> _DATASET ENTRIES_

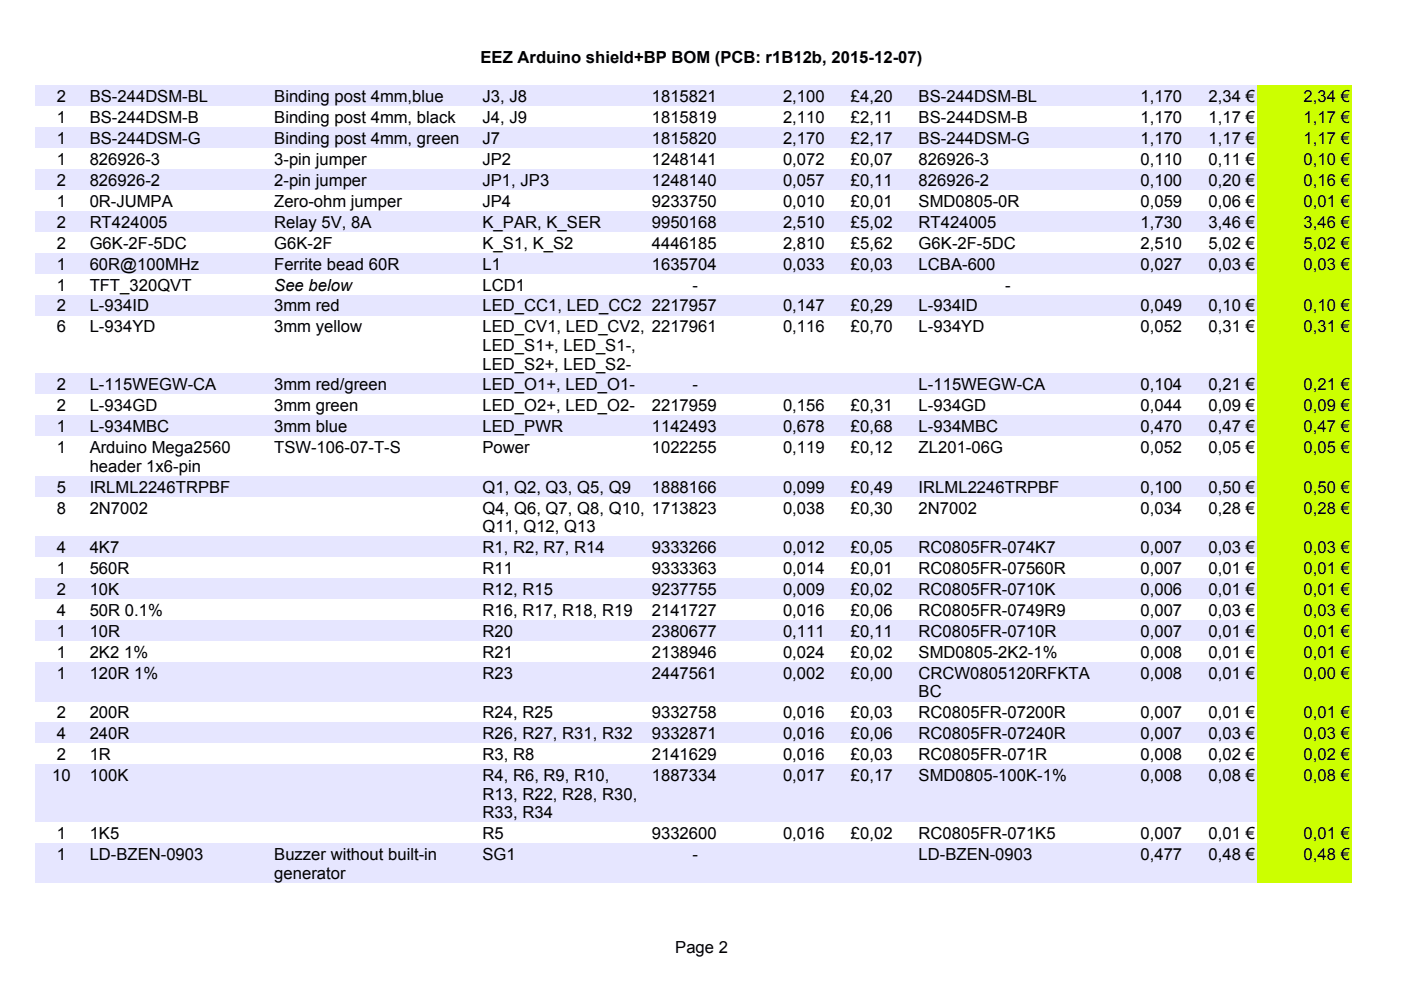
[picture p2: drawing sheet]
<svg xmlns="http://www.w3.org/2000/svg" width="297mm" height="210mm" viewBox="0 0 297 210" stroke-linecap="round" stroke-linejoin="round" font-family="sans-serif">
<defs><g id="words">
<g font-size="3.5">
<text x="101.9" y="13.3">EEZ Arduino shield+BP BOM (PCB: r1B12b, 2015-12-07)</text>
<text x="12.1" y="21.6">2</text>
<text x="19" y="21.6">BS-244DSM-BL</text>
<text x="58.1" y="21.6">Binding post 4mm,blue</text>
<text x="102.3" y="21.6">J3, J8</text>
<text x="138.2" y="21.6">1815821</text>
<text x="166" y="21.6">2,100</text>
<text x="180.4" y="21.6">£4,20</text>
<text x="194.8" y="21.6">BS-244DSM-BL</text>
<text x="241.8" y="21.6">1,170</text>
<text x="256.2" y="21.6">2,34 €</text>
<text x="276.4" y="21.6">2,34 €</text>
<text x="12.1" y="26.1">1</text>
<text x="19" y="26.1">BS-244DSM-B</text>
<text x="58.1" y="26.1">Binding post 4mm, black</text>
<text x="102.3" y="26.1">J4, J9</text>
<text x="138.2" y="26.1">1815819</text>
<text x="166" y="26.1">2,110</text>
<text x="180.4" y="26.1">£2,11</text>
<text x="194.8" y="26.1">BS-244DSM-B</text>
<text x="241.8" y="26.1">1,170</text>
<text x="256.2" y="26.1">1,17 €</text>
<text x="276.4" y="26.1">1,17 €</text>
<text x="12.1" y="30.5">1</text>
<text x="12.1" y="34.9">1</text>
<text x="19" y="30.5">BS-244DSM-G</text>
<text x="19" y="34.9">826926-3</text>
<text x="58.1" y="30.5">Binding post 4mm, green</text>
<text x="58.1" y="35">3-pin jumper</text>
<text x="102.3" y="30.5">J7</text>
<text x="102.3" y="34.9">JP2</text>
<text x="138.2" y="30.5">1815820</text>
<text x="138.2" y="34.9">1248141</text>
<text x="166" y="30.5">2,170</text>
<text x="166" y="34.9">0,072</text>
<text x="180.4" y="30.5">£2,17</text>
<text x="180.4" y="34.9">£0,07</text>
<text x="194.8" y="30.5">BS-244DSM-G</text>
<text x="194.8" y="34.9">826926-3</text>
<text x="241.8" y="30.5">1,170</text>
<text x="241.8" y="34.9">0,110</text>
<text x="256.2" y="30.5">1,17 €</text>
<text x="256.2" y="34.9">0,11 €</text>
<text x="276.4" y="30.5">1,17 €</text>
<text x="276.4" y="34.9">0,10 €</text>
<text x="12.1" y="39.4">2</text>
<text x="19" y="39.4">826926-2</text>
<text x="58.1" y="39.4">2-pin jumper</text>
<text x="102.3" y="39.4">JP1, JP3</text>
<text x="138.2" y="39.4">1248140</text>
<text x="166" y="39.4">0,057</text>
<text x="180.4" y="39.4">£0,11</text>
<text x="194.8" y="39.4">826926-2</text>
<text x="241.8" y="39.4">0,100</text>
<text x="256.2" y="39.4">0,20 €</text>
<text x="276.4" y="39.4">0,16 €</text>
<text x="12.1" y="43.8">1</text>
<text x="19" y="43.8">0R-JUMPA</text>
<text x="58.1" y="43.8">Zero-ohm jumper</text>
<text x="102.3" y="43.8">JP4</text>
<text x="138.2" y="43.8">9233750</text>
<text x="166" y="43.8">0,010</text>
<text x="180.4" y="43.8">£0,01</text>
<text x="194.8" y="43.8">SMD0805-0R</text>
<text x="241.8" y="43.8">0,059</text>
<text x="256.2" y="43.8">0,06 €</text>
<text x="276.4" y="43.8">0,01 €</text>
<text x="12.1" y="48.3">2</text>
<text x="12.1" y="52.7">2</text>
<text x="19" y="48.3">RT424005</text>
<text x="19" y="52.7">G6K-2F-5DC</text>
<text x="58.1" y="52.7">G6K-2F</text>
<text x="58.1" y="48.3">Relay 5V, 8A</text>
<text x="102.3" y="48.3">K_PAR, K_SER</text>
<text x="102.3" y="52.7">K_S1, K_S2</text>
<text x="138.2" y="48.3">9950168</text>
<text x="138.2" y="52.7">4446185</text>
<text x="166" y="48.3">2,510</text>
<text x="166" y="52.7">2,810</text>
<text x="180.4" y="48.3">£5,02</text>
<text x="180.4" y="52.7">£5,62</text>
<text x="194.8" y="48.3">RT424005</text>
<text x="194.8" y="52.7">G6K-2F-5DC</text>
<text x="241.8" y="48.3">1,730</text>
<text x="241.8" y="52.7">2,510</text>
<text x="256.2" y="48.3">3,46 €</text>
<text x="256.2" y="52.7">5,02 €</text>
<text x="276.4" y="48.3">3,46 €</text>
<text x="276.4" y="52.7">5,02 €</text>
<text x="12.1" y="57.2">1</text>
<text x="19" y="57.2">60R@100MHz</text>
<text x="58.1" y="57.2">Ferrite bead 60R</text>
<text x="102.3" y="57.2">L1</text>
<text x="138.2" y="57.2">1635704</text>
<text x="166" y="57.2">0,033</text>
<text x="180.4" y="57.2">£0,03</text>
<text x="194.8" y="57.2">LCBA-600</text>
<text x="241.8" y="57.2">0,027</text>
<text x="256.2" y="57.2">0,03 €</text>
<text x="276.4" y="57.2">0,03 €</text>
<text x="12.1" y="61.6">1</text>
<text x="19" y="61.6">TFT_320QVT</text>
<text x="58.1" y="61.6">See below</text>
<text x="102.3" y="61.6">LCD1</text>
<text x="146.8" y="61.6">-</text>
<text x="213.1" y="61.6">-</text>
<text x="12.1" y="66">2</text>
<text x="12.1" y="70.4">6</text>
<text x="19" y="66">L-934ID</text>
<text x="19" y="70.4">L-934YD</text>
<text x="58.1" y="66">3mm red</text>
<text x="58.1" y="70.4">3mm yellow</text>
<text x="102.3" y="66">LED_CC1, LED_CC2</text>
<text x="102.3" y="70.4">LED_CV1, LED_CV2, 2217961</text>
<text x="138.2" y="66">2217957</text>
<text x="166" y="66">0,147</text>
<text x="166" y="70.4">0,116</text>
<text x="180.4" y="66">£0,29</text>
<text x="180.4" y="70.4">£0,70</text>
<text x="194.8" y="66">L-934ID</text>
<text x="194.8" y="70.4">L-934YD</text>
<text x="241.8" y="66">0,049</text>
<text x="241.8" y="70.4">0,052</text>
<text x="256.2" y="66">0,10 €</text>
<text x="256.2" y="70.4">0,31 €</text>
<text x="276.4" y="66">0,10 €</text>
<text x="276.4" y="70.4">0,31 €</text>
<text x="102.3" y="74.4">LED_S1+, LED_S1-,</text>
<text x="12.1" y="82.8">2</text>
<text x="19" y="82.8">L-115WEGW-CA</text>
<text x="58.1" y="82.8">3mm red/green</text>
<text x="102.3" y="82.8">LED_O1+, LED_O1-</text>
<text x="102.3" y="78.4">LED_S2+, LED_S2-</text>
<text x="146.8" y="82.8">-</text>
<text x="194.8" y="82.8">L-115WEGW-CA</text>
<text x="241.8" y="82.8">0,104</text>
<text x="256.2" y="82.8">0,21 €</text>
<text x="276.4" y="82.8">0,21 €</text>
<text x="12.1" y="87.2">2</text>
<text x="19" y="87.2">L-934GD</text>
<text x="58.1" y="87.2">3mm green</text>
<text x="102.3" y="87.2">LED_O2+, LED_O2-</text>
<text x="138.2" y="87.2">2217959</text>
<text x="166" y="87.2">0,156</text>
<text x="180.4" y="87.2">£0,31</text>
<text x="194.8" y="87.2">L-934GD</text>
<text x="241.8" y="87.2">0,044</text>
<text x="256.2" y="87.2">0,09 €</text>
<text x="276.4" y="87.2">0,09 €</text>
<text x="12.1" y="91.7">1</text>
<text x="19" y="91.7">L-934MBC</text>
<text x="58.1" y="91.7">3mm blue</text>
<text x="102.3" y="91.7">LED_PWR</text>
<text x="138.2" y="91.7">1142493</text>
<text x="166" y="91.7">0,678</text>
<text x="180.4" y="91.7">£0,68</text>
<text x="194.8" y="91.7">L-934MBC</text>
<text x="241.8" y="91.7">0,470</text>
<text x="256.2" y="91.7">0,47 €</text>
<text x="276.4" y="91.7">0,47 €</text>
<text x="12.1" y="96.1">1</text>
<text x="19" y="96.1">Arduino Mega2560</text>
<text x="19" y="100">header 1x6-pin</text>
<text x="58.1" y="96.1">TSW-106-07-T-S</text>
<text x="102.3" y="96.1">Power</text>
<text x="138.2" y="96.1">1022255</text>
<text x="166" y="96.1">0,119</text>
<text x="180.4" y="96.1">£0,12</text>
<text x="194.8" y="96.1">ZL201-06G</text>
<text x="241.8" y="96.1">0,052</text>
<text x="256.2" y="96.1">0,05 €</text>
<text x="276.4" y="96.1">0,05 €</text>
<text x="12.1" y="104.5">5</text>
<text x="19" y="104.5">IRLML2246TRPBF</text>
<text x="102.3" y="104.5">Q1, Q2, Q3, Q5, Q9</text>
<text x="138.2" y="104.5">1888166</text>
<text x="166" y="104.5">0,099</text>
<text x="180.4" y="104.5">£0,49</text>
<text x="194.8" y="104.5">IRLML2246TRPBF</text>
<text x="241.8" y="104.5">0,100</text>
<text x="256.2" y="104.5">0,50 €</text>
<text x="276.4" y="104.5">0,50 €</text>
<text x="12.1" y="108.9">8</text>
<text x="19" y="108.9">2N7002</text>
<text x="102.3" y="108.9">Q4, Q6, Q7, Q8, Q10, 1713823</text>
<text x="102.3" y="112.9">Q11, Q12, Q13</text>
<text x="166" y="108.9">0,038</text>
<text x="180.4" y="108.9">£0,30</text>
<text x="194.8" y="108.9">2N7002</text>
<text x="241.8" y="108.9">0,034</text>
<text x="256.2" y="108.9">0,28 €</text>
<text x="276.4" y="108.9">0,28 €</text>
<text x="12.1" y="117.3">4</text>
<text x="19" y="117.3">4K7</text>
<text x="102.3" y="117.3">R1, R2, R7, R14</text>
<text x="138.2" y="117.3">9333266</text>
<text x="166" y="117.3">0,012</text>
<text x="180.4" y="117.3">£0,05</text>
<text x="194.8" y="117.3">RC0805FR-074K7</text>
<text x="241.8" y="117.3">0,007</text>
<text x="256.2" y="117.3">0,03 €</text>
<text x="276.4" y="117.3">0,03 €</text>
<text x="12.1" y="121.7">1</text>
<text x="19" y="121.7">560R</text>
<text x="102.3" y="121.7">R11</text>
<text x="138.2" y="121.7">9333363</text>
<text x="166" y="121.7">0,014</text>
<text x="180.4" y="121.7">£0,01</text>
<text x="194.8" y="121.7">RC0805FR-07560R</text>
<text x="241.8" y="121.7">0,007</text>
<text x="256.2" y="121.7">0,01 €</text>
<text x="276.4" y="121.7">0,01 €</text>
<text x="12.1" y="126.2">2</text>
<text x="12.1" y="130.6">4</text>
<text x="19" y="126.2">10K</text>
<text x="19" y="130.6">50R 0.1%</text>
<text x="102.3" y="126.2">R12, R15</text>
<text x="102.3" y="130.6">R16, R17, R18, R19</text>
<text x="138.2" y="126.2">9237755</text>
<text x="138.2" y="130.6">2141727</text>
<text x="166" y="126.2">0,009</text>
<text x="166" y="130.6">0,016</text>
<text x="180.4" y="126.2">£0,02</text>
<text x="180.4" y="130.6">£0,06</text>
<text x="194.8" y="126.2">RC0805FR-0710K</text>
<text x="194.8" y="130.6">RC0805FR-0749R9</text>
<text x="241.8" y="126.2">0,006</text>
<text x="241.8" y="130.6">0,007</text>
<text x="256.2" y="126.2">0,01 €</text>
<text x="256.2" y="130.6">0,03 €</text>
<text x="276.4" y="126.2">0,01 €</text>
<text x="276.4" y="130.6">0,03 €</text>
<text x="12.1" y="135">1</text>
<text x="19" y="135">10R</text>
<text x="102.3" y="135">R20</text>
<text x="138.2" y="135">2380677</text>
<text x="166" y="135">0,111</text>
<text x="180.4" y="135">£0,11</text>
<text x="194.8" y="135">RC0805FR-0710R</text>
<text x="241.8" y="135">0,007</text>
<text x="256.2" y="135">0,01 €</text>
<text x="276.4" y="135">0,01 €</text>
<text x="12.1" y="139.5">1</text>
<text x="12.1" y="143.9">1</text>
<text x="19" y="139.5">2K2 1%</text>
<text x="19" y="143.9">120R 1%</text>
<text x="102.3" y="139.5">R21</text>
<text x="102.3" y="143.9">R23</text>
<text x="138.2" y="139.5">2138946</text>
<text x="138.2" y="143.9">2447561</text>
<text x="166" y="139.5">0,024</text>
<text x="166" y="143.9">0,002</text>
<text x="180.4" y="139.5">£0,02</text>
<text x="180.4" y="143.9">£0,00</text>
<text x="194.8" y="139.5">SMD0805-2K2-1%</text>
<text x="194.8" y="143.9">CRCW0805120RFKTA</text>
<text x="241.8" y="139.5">0,008</text>
<text x="241.8" y="143.9">0,008</text>
<text x="256.2" y="139.5">0,01 €</text>
<text x="256.2" y="143.9">0,01 €</text>
<text x="276.4" y="139.5">0,01 €</text>
<text x="276.4" y="143.9">0,00 €</text>
<text x="194.8" y="147.9">BC</text>
<text x="12.1" y="152.3">2</text>
<text x="19" y="152.3">200R</text>
<text x="102.3" y="152.3">R24, R25</text>
<text x="138.2" y="152.3">9332758</text>
<text x="166" y="152.3">0,016</text>
<text x="180.4" y="152.3">£0,03</text>
<text x="194.8" y="152.3">RC0805FR-07200R</text>
<text x="241.8" y="152.3">0,007</text>
<text x="256.2" y="152.3">0,01 €</text>
<text x="276.4" y="152.3">0,01 €</text>
<text x="12.1" y="156.7">4</text>
<text x="12.1" y="161.2">2</text>
<text x="19" y="156.7">240R</text>
<text x="19" y="161.2">1R</text>
<text x="102.3" y="156.7">R26, R27, R31, R32</text>
<text x="102.3" y="161.2">R3, R8</text>
<text x="138.2" y="156.7">9332871</text>
<text x="138.2" y="161.2">2141629</text>
<text x="166" y="156.7">0,016</text>
<text x="166" y="161.2">0,016</text>
<text x="180.4" y="156.7">£0,06</text>
<text x="180.4" y="161.2">£0,03</text>
<text x="194.8" y="156.7">RC0805FR-07240R</text>
<text x="194.8" y="161.2">RC0805FR-071R</text>
<text x="241.8" y="156.7">0,007</text>
<text x="241.8" y="161.2">0,008</text>
<text x="256.2" y="156.7">0,03 €</text>
<text x="256.2" y="161.2">0,02 €</text>
<text x="276.4" y="156.7">0,03 €</text>
<text x="276.4" y="161.2">0,02 €</text>
<text x="11.1" y="165.6">10</text>
<text x="19" y="165.6">100K</text>
<text x="102.3" y="165.6">R4, R6, R9, R10,</text>
<text x="138.2" y="165.6">1887334</text>
<text x="166" y="165.6">0,017</text>
<text x="180.4" y="165.6">£0,17</text>
<text x="194.8" y="165.6">SMD0805-100K-1%</text>
<text x="241.8" y="165.6">0,008</text>
<text x="256.2" y="165.6">0,08 €</text>
<text x="276.4" y="165.6">0,08 €</text>
<text x="102.3" y="169.6">R13, R22, R28, R30,</text>
<text x="102.3" y="173.5">R33, R34</text>
<text x="12.1" y="177.9">1</text>
<text x="19" y="177.9">1K5</text>
<text x="102.3" y="177.9">R5</text>
<text x="138.2" y="177.9">9332600</text>
<text x="166" y="177.9">0,016</text>
<text x="180.4" y="177.9">£0,02</text>
<text x="194.8" y="177.9">RC0805FR-071K5</text>
<text x="241.8" y="177.9">0,007</text>
<text x="256.2" y="177.9">0,01 €</text>
<text x="276.4" y="177.9">0,01 €</text>
<text x="12.1" y="182.4">1</text>
<text x="19" y="182.4">LD-BZEN-0903</text>
<text x="58.1" y="182.4">Buzzer without built-in</text>
<text x="102.3" y="182.4">SG1</text>
<text x="146.8" y="182.4">-</text>
<text x="194.8" y="182.4">LD-BZEN-0903</text>
<text x="241.8" y="182.4">0,477</text>
<text x="256.2" y="182.4">0,48 €</text>
<text x="276.4" y="182.4">0,48 €</text>
<text x="58.1" y="186.3">generator</text>
<text x="143.2" y="202">Page 2</text>
</g>
</g></defs>
<path d="M7.4 18.1h259.1v4.4h-259.1z" fill-rule="evenodd" fill="#e6e6ff"/>
<g fill="#cf0">
<path d="M266.5 18.1h20.1v4.4h-20.1z" fill-rule="evenodd"/>
<path d="M266.5 22.5h20.1v4.4h-20.1z" fill-rule="evenodd"/>
</g>
<path d="M7.4 27h259.1v4.4h-259.1z" fill-rule="evenodd" fill="#e6e6ff"/>
<g fill="#cf0">
<path d="M266.5 27h20.1v4.4h-20.1z" fill-rule="evenodd"/>
<path d="M266.5 31.4h20.1v4.4h-20.1z" fill-rule="evenodd"/>
</g>
<path d="M7.4 35.8h259.1v4.4h-259.1z" fill-rule="evenodd" fill="#e6e6ff"/>
<g fill="#cf0">
<path d="M266.5 35.8h20.1v4.4h-20.1z" fill-rule="evenodd"/>
<path d="M266.5 40.3h20.1v4.4h-20.1z" fill-rule="evenodd"/>
</g>
<path d="M7.4 44.7h259.1v4.4h-259.1z" fill-rule="evenodd" fill="#e6e6ff"/>
<g fill="#cf0">
<path d="M266.5 44.7h20.1v4.4h-20.1z" fill-rule="evenodd"/>
<path d="M266.5 49.1h20.1v4.5h-20.1z" fill-rule="evenodd"/>
</g>
<path d="M7.4 53.6h259.1v4.4h-259.1z" fill-rule="evenodd" fill="#e6e6ff"/>
<g fill="#cf0">
<path d="M266.5 53.6h20.1v4.4h-20.1z" fill-rule="evenodd"/>
<path d="M266.5 58h20.1v4.4h-20.1z" fill-rule="evenodd"/>
</g>
<path d="M7.4 62.5h259.1v4.4h-259.1z" fill-rule="evenodd" fill="#e6e6ff"/>
<g fill="#cf0">
<path d="M266.5 62.5h20.1v4.4h-20.1z" fill-rule="evenodd"/>
<path d="M266.5 66.9h20.1v12.3h-20.1z" fill-rule="evenodd"/>
</g>
<path d="M7.4 79.2h259.1v4.4h-259.1z" fill-rule="evenodd" fill="#e6e6ff"/>
<g fill="#cf0">
<path d="M266.5 79.2h20.1v4.4h-20.1z" fill-rule="evenodd"/>
<path d="M266.5 83.6h20.1v4.5h-20.1z" fill-rule="evenodd"/>
</g>
<path d="M7.4 88.1h259.1v4.4h-259.1z" fill-rule="evenodd" fill="#e6e6ff"/>
<g fill="#cf0">
<path d="M266.5 88.1h20.1v4.4h-20.1z" fill-rule="evenodd"/>
<path d="M266.5 92.5h20.1v8.4h-20.1z" fill-rule="evenodd"/>
</g>
<path d="M7.4 100.9h259.1v4.4h-259.1z" fill-rule="evenodd" fill="#e6e6ff"/>
<g fill="#cf0">
<path d="M266.5 100.9h20.1v4.4h-20.1z" fill-rule="evenodd"/>
<path d="M266.5 105.3h20.1v8.4h-20.1z" fill-rule="evenodd"/>
</g>
<path d="M7.4 113.7h259.1v4.4h-259.1z" fill-rule="evenodd" fill="#e6e6ff"/>
<g fill="#cf0">
<path d="M266.5 113.7h20.1v4.4h-20.1z" fill-rule="evenodd"/>
<path d="M266.5 118.2h20.1v4.4h-20.1z" fill-rule="evenodd"/>
</g>
<path d="M7.4 122.6h259.1v4.4h-259.1z" fill-rule="evenodd" fill="#e6e6ff"/>
<g fill="#cf0">
<path d="M266.5 122.6h20.1v4.4h-20.1z" fill-rule="evenodd"/>
<path d="M266.5 127h20.1v4.4h-20.1z" fill-rule="evenodd"/>
</g>
<path d="M7.4 131.5h259.1v4.4h-259.1z" fill-rule="evenodd" fill="#e6e6ff"/>
<g fill="#cf0">
<path d="M266.5 131.5h20.1v4.4h-20.1z" fill-rule="evenodd"/>
<path d="M266.5 135.9h20.1v4.4h-20.1z" fill-rule="evenodd"/>
</g>
<path d="M7.4 140.4h259.1v8.3h-259.1z" fill-rule="evenodd" fill="#e6e6ff"/>
<g fill="#cf0">
<path d="M266.5 140.4h20.1v8.3h-20.1z" fill-rule="evenodd"/>
<path d="M266.5 148.8h20.1v4.4h-20.1z" fill-rule="evenodd"/>
</g>
<path d="M7.4 153.2h259.1v4.4h-259.1z" fill-rule="evenodd" fill="#e6e6ff"/>
<g fill="#cf0">
<path d="M266.5 153.2h20.1v4.4h-20.1z" fill-rule="evenodd"/>
<path d="M266.5 157.6h20.1v4.4h-20.1z" fill-rule="evenodd"/>
</g>
<path d="M7.4 162.1h259.1v12.2h-259.1z" fill-rule="evenodd" fill="#e6e6ff"/>
<g fill="#cf0">
<path d="M266.5 162.1h20.1v12.2h-20.1z" fill-rule="evenodd"/>
<path d="M266.5 174.4h20.1v4.4h-20.1z" fill-rule="evenodd"/>
</g>
<path d="M7.4 178.8h259.1v8.4h-259.1z" fill-rule="evenodd" fill="#e6e6ff"/>
<path d="M266.5 178.8h20.1v8.4h-20.1z" fill-rule="evenodd" fill="#cf0"/>
<use href="#words"/>
</svg>

> _TASK TO COMPLETE_
Which lines in the listing above hold the word "Binding"? Show each of them.

> _TASK RESULT_
<text x="58.1" y="21.6">Binding post 4mm,blue</text>
<text x="58.1" y="26.1">Binding post 4mm, black</text>
<text x="58.1" y="30.5">Binding post 4mm, green</text>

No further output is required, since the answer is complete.